Forse vorranno realizzare loro quel paese del Mulino Bianco come era stato bollato il nostro progetto. Poi però la fantasia si scontra con la dura realtà e gli impegni si trasformano in promesse da marinaio. Come per il bando per la videosorveglianza che a distanza di un anno e mezzo non sappiamo ancora a che punto sia, tanto per dirne una. Mancano i fondi sì per realizzare le grandi opere, ma mancano per incuranza e per inerzia».

«Un primato: l’aver creato una barriera tra Comune e cittadini»

«Ci si loda per 200mila euro “piovuti dal cielo” quando le risorse economiche del Pnrr, transitate e non godute, erano di tenore ben diverso! L’impegno della maggioranza è invece nel gridare allo “scandalo” quando le opposizioni chiedono rispetto, alla “propaganda elettorale” quando portano in consiglio delle proposte e alla “polemica” quando si contesta con dati di fatto “oggettivi“ gli atti errati, incompleti o la superficialità nell’approccio ai temi del territorio.

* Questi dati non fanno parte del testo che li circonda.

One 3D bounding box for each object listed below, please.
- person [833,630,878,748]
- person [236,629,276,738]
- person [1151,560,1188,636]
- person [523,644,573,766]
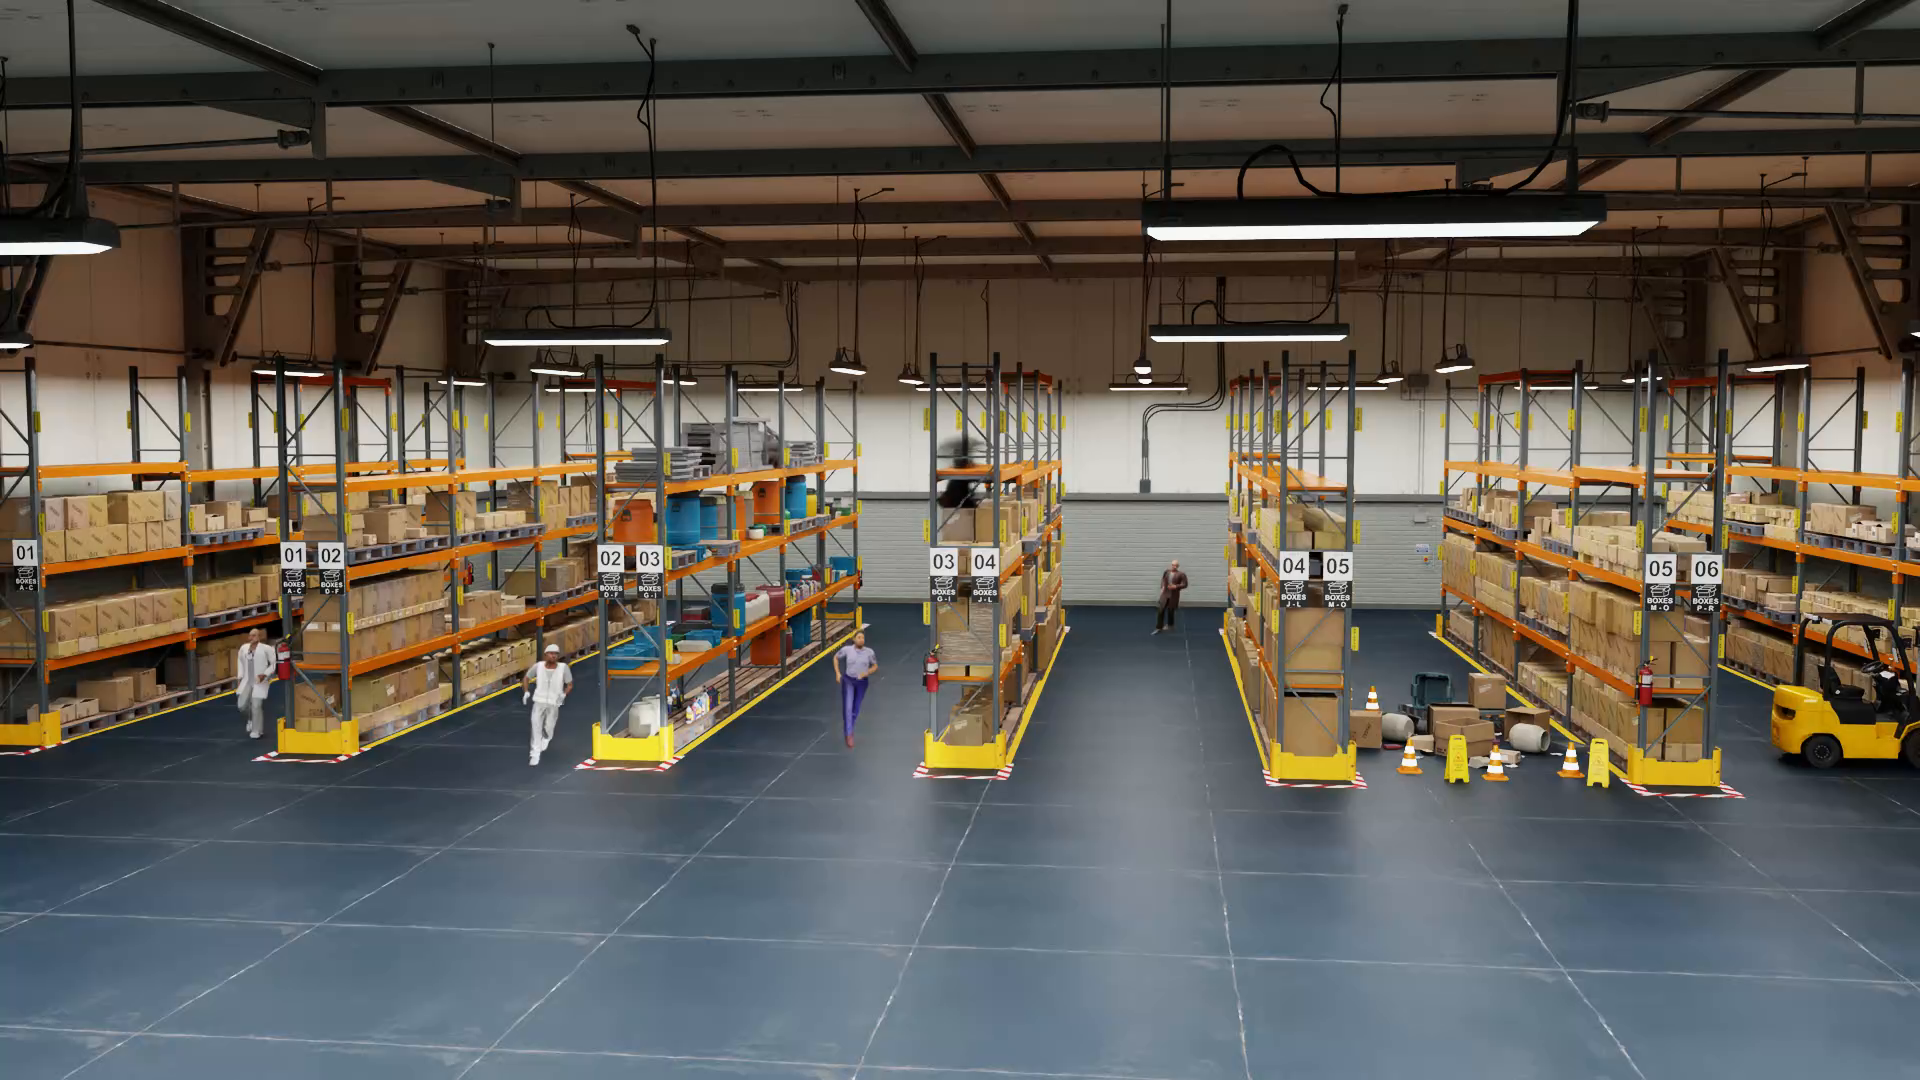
[{"bbox_3d":[-1.538,2.182,24.647,0.641,1.673,0.867,-1,4,-15],"label":"person"},{"bbox_3d":[-11.192,2.271,26.446,0.718,1.736,0.614,0,4,2],"label":"person"},{"bbox_3d":[5.030,1.357,39.306,0.765,1.778,0.954,2,4,25],"label":"person"},{"bbox_3d":[-6.099,2.407,24.630,0.725,1.741,0.776,-1,4,-11],"label":"person"}]
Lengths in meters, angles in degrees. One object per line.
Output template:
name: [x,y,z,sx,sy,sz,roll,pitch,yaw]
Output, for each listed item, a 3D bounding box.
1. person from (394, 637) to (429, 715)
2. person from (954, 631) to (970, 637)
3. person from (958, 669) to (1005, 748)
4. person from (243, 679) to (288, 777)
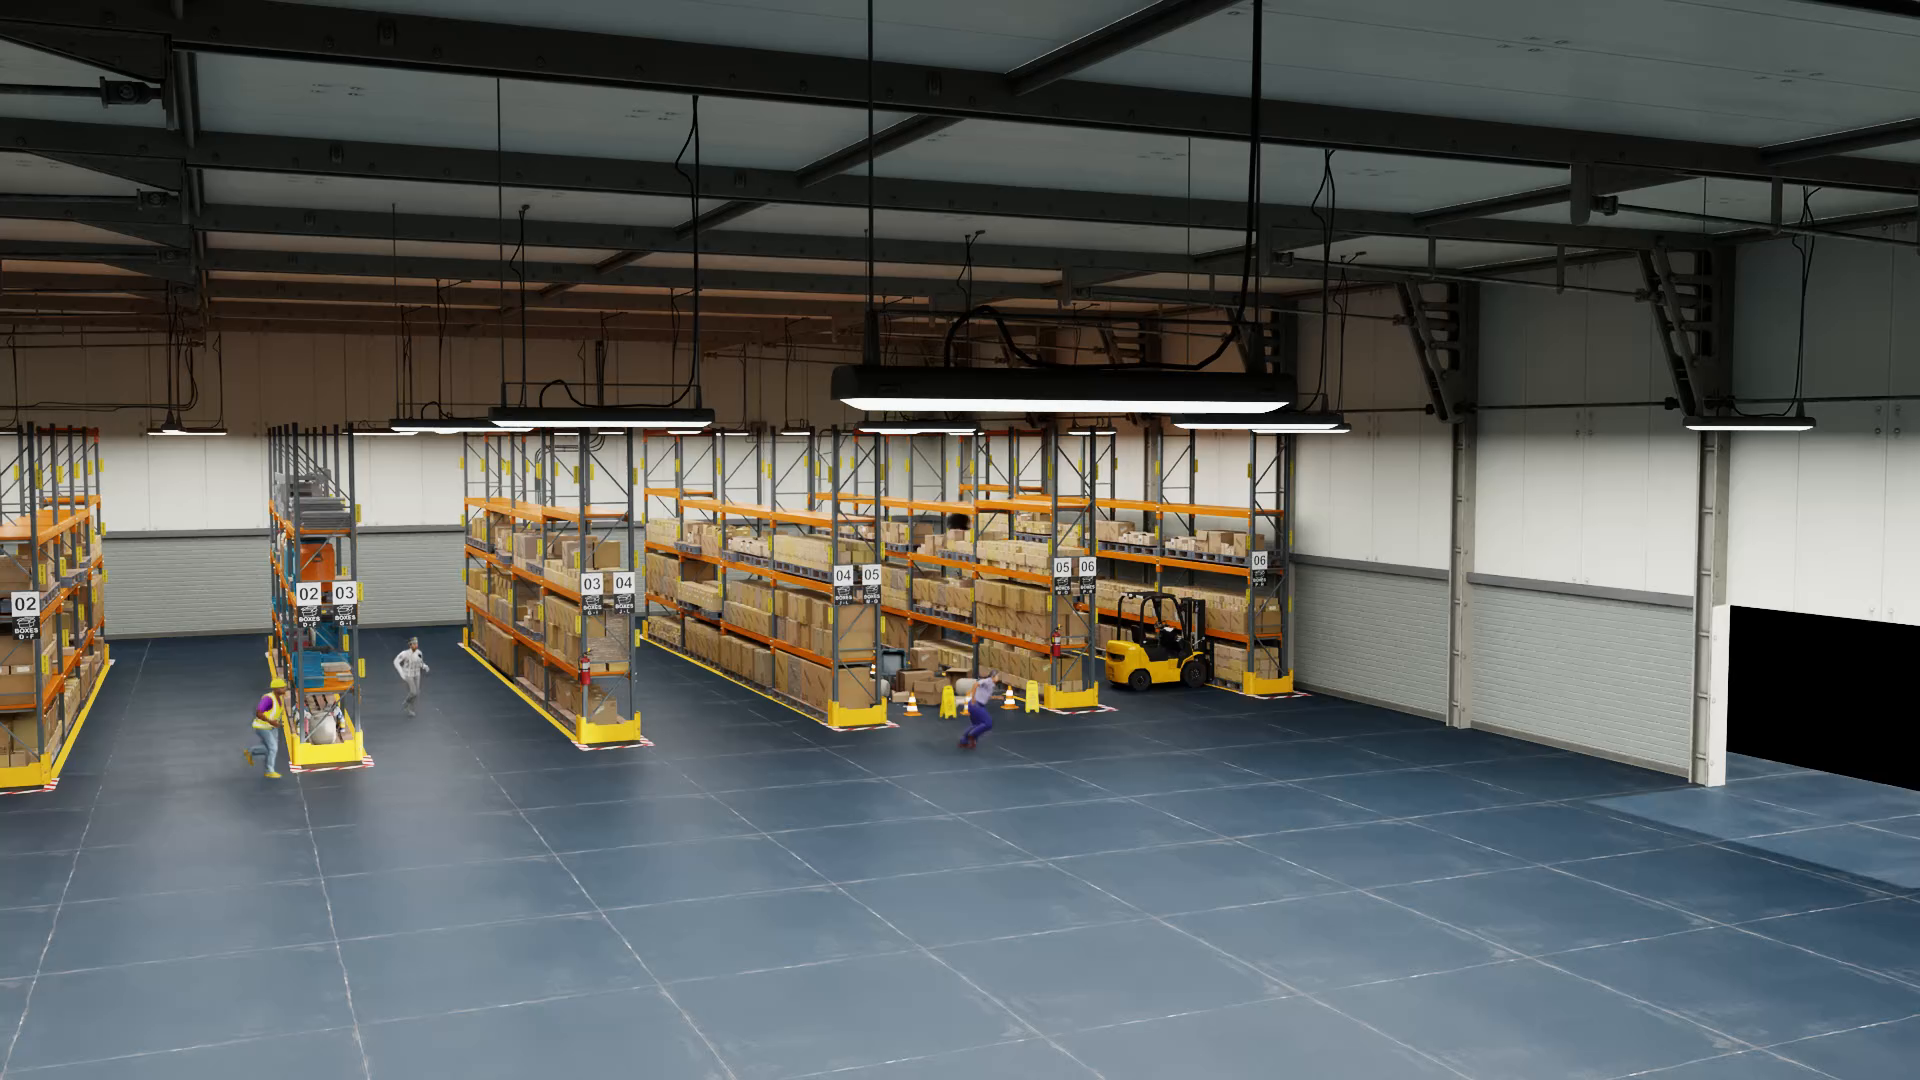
person: [-11.254,2.808,34.191,0.625,1.637,0.622,3,5,40]
person: [0.117,1.942,47.965,0.711,1.736,0.694,2,4,34]
person: [0.383,3.111,30.548,0.868,1.480,0.638,1,4,8]
person: [-11.734,3.182,28.074,0.829,1.694,0.691,1,4,8]
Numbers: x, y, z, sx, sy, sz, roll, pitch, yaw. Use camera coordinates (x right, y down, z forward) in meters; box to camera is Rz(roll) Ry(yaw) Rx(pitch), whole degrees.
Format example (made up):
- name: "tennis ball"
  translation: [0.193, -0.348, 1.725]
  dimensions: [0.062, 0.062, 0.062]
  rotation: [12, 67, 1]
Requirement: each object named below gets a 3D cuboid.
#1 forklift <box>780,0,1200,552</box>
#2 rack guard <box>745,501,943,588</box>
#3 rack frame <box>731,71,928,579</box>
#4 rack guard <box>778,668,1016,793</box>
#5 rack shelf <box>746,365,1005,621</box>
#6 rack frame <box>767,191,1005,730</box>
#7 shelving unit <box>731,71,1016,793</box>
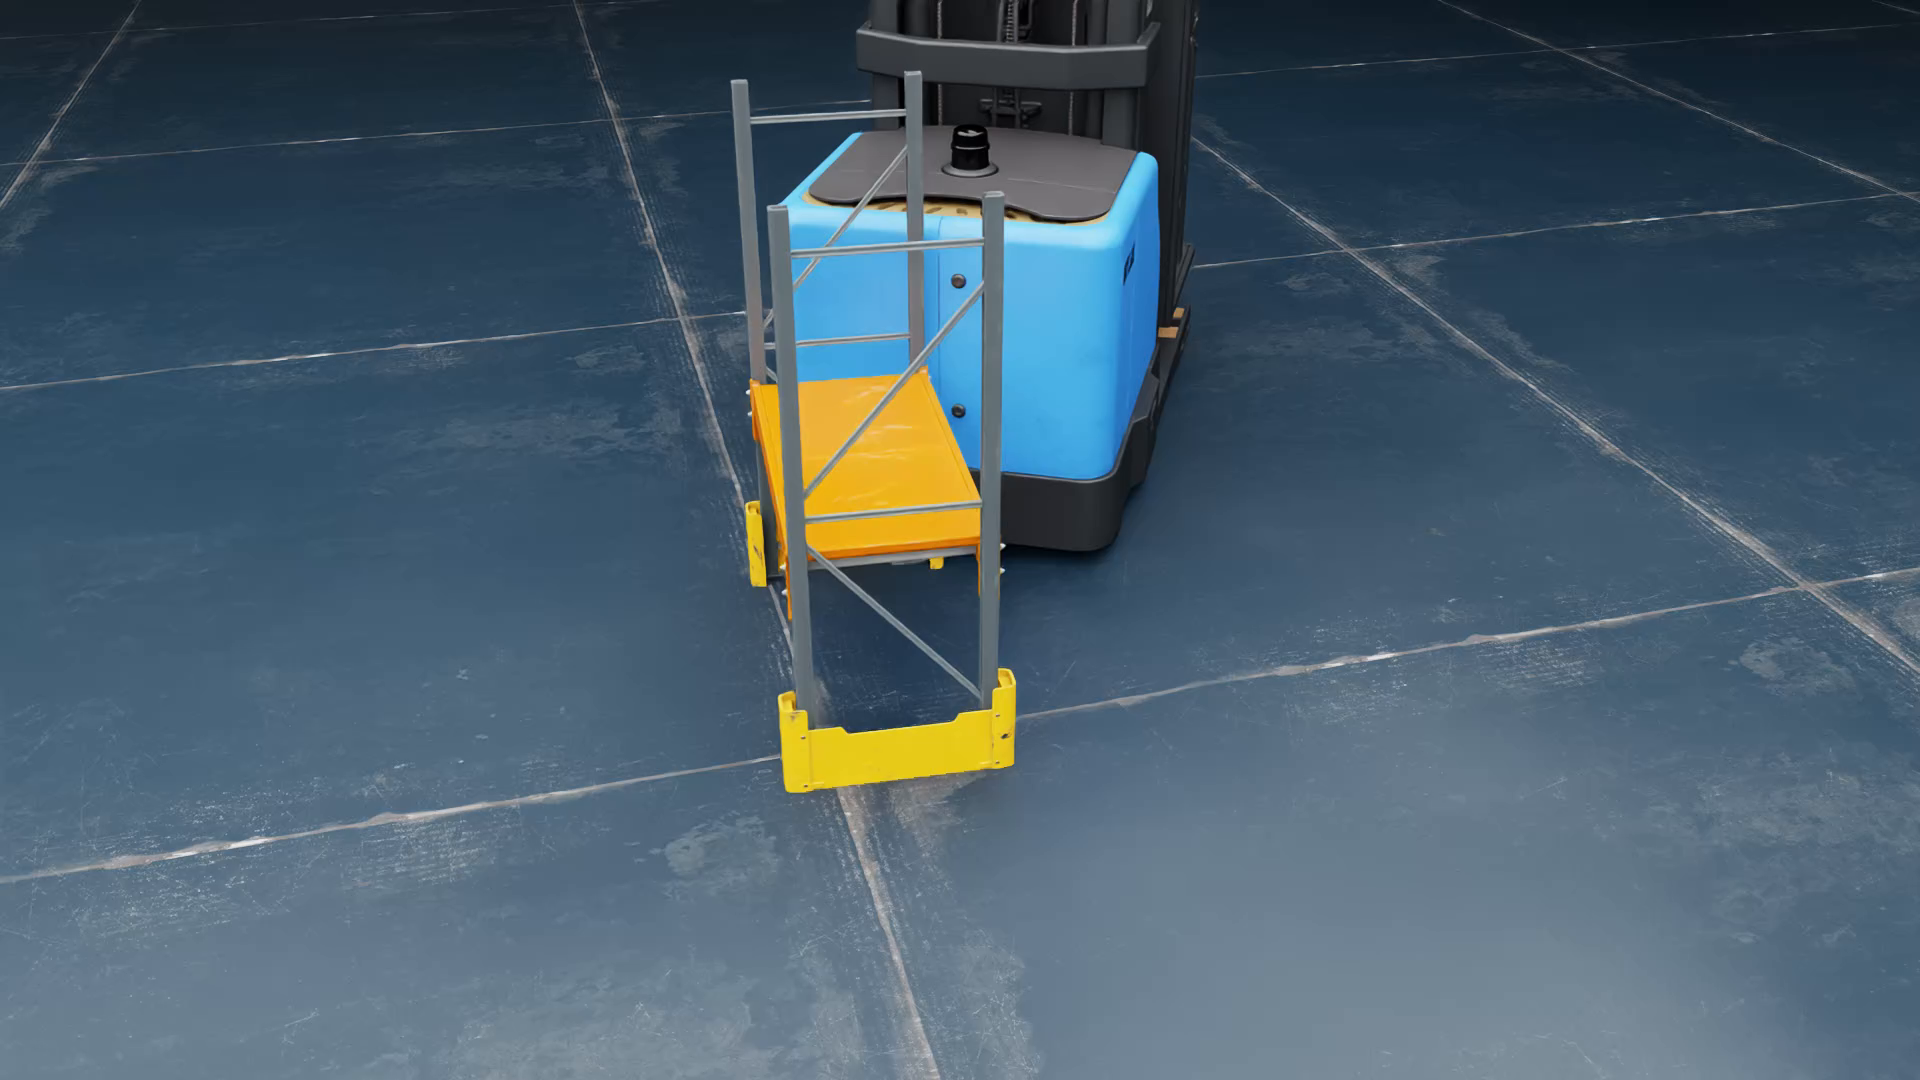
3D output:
- name: "forklift"
  translation: [0.289, -1.958, 5.706]
  dimensions: [1.130, 2.935, 3.031]
  rotation: [7, 31, 12]
- name: "rack guard"
  translation: [-0.344, -0.011, 5.020]
  dimensions: [0.587, 0.250, 0.087]
  rotation: [-6, 31, -10]
- name: "rack frame"
  translation: [-0.348, -0.562, 4.724]
  dimensions: [0.500, 1.500, 0.032]
  rotation: [-6, 31, -10]
- name: "rack guard"
  translation: [-0.154, 0.478, 4.174]
  dimensions: [0.587, 0.250, 0.087]
  rotation: [-6, 31, -10]
- name: "rack shelf"
  translation: [-0.251, -0.156, 4.382]
  dimensions: [0.538, 0.185, 1.000]
  rotation: [-6, 31, -10]
- name: "rack frame"
  translation: [-0.153, -0.062, 3.860]
  dimensions: [0.500, 1.500, 0.032]
  rotation: [-6, 31, -10]
- name: "shelving unit"
  translation: [-0.249, -0.307, 4.284]
  dimensions: [0.587, 1.500, 1.083]
  rotation: [-6, 31, -10]

A questa maggioranza va riconosciuto un primato: l’aver creato una barriera tra Comune e cittadini. I cittadini hanno difficoltà ad approcciarsi con l’amministrazione comunale. Il Comune è visto come un gigante insormontabile, uno steccato invalicabile, ledendo l’immagine e la fiducia verso coloro che sono i rappresentanti politici più prossimi ai cittadini. E questa percezione produce un fatto incontrovertibile: lo scarso impegno nella vita della comunità, l’allontanamento dalle urne e la crescita esponenziale dell’astensionismo».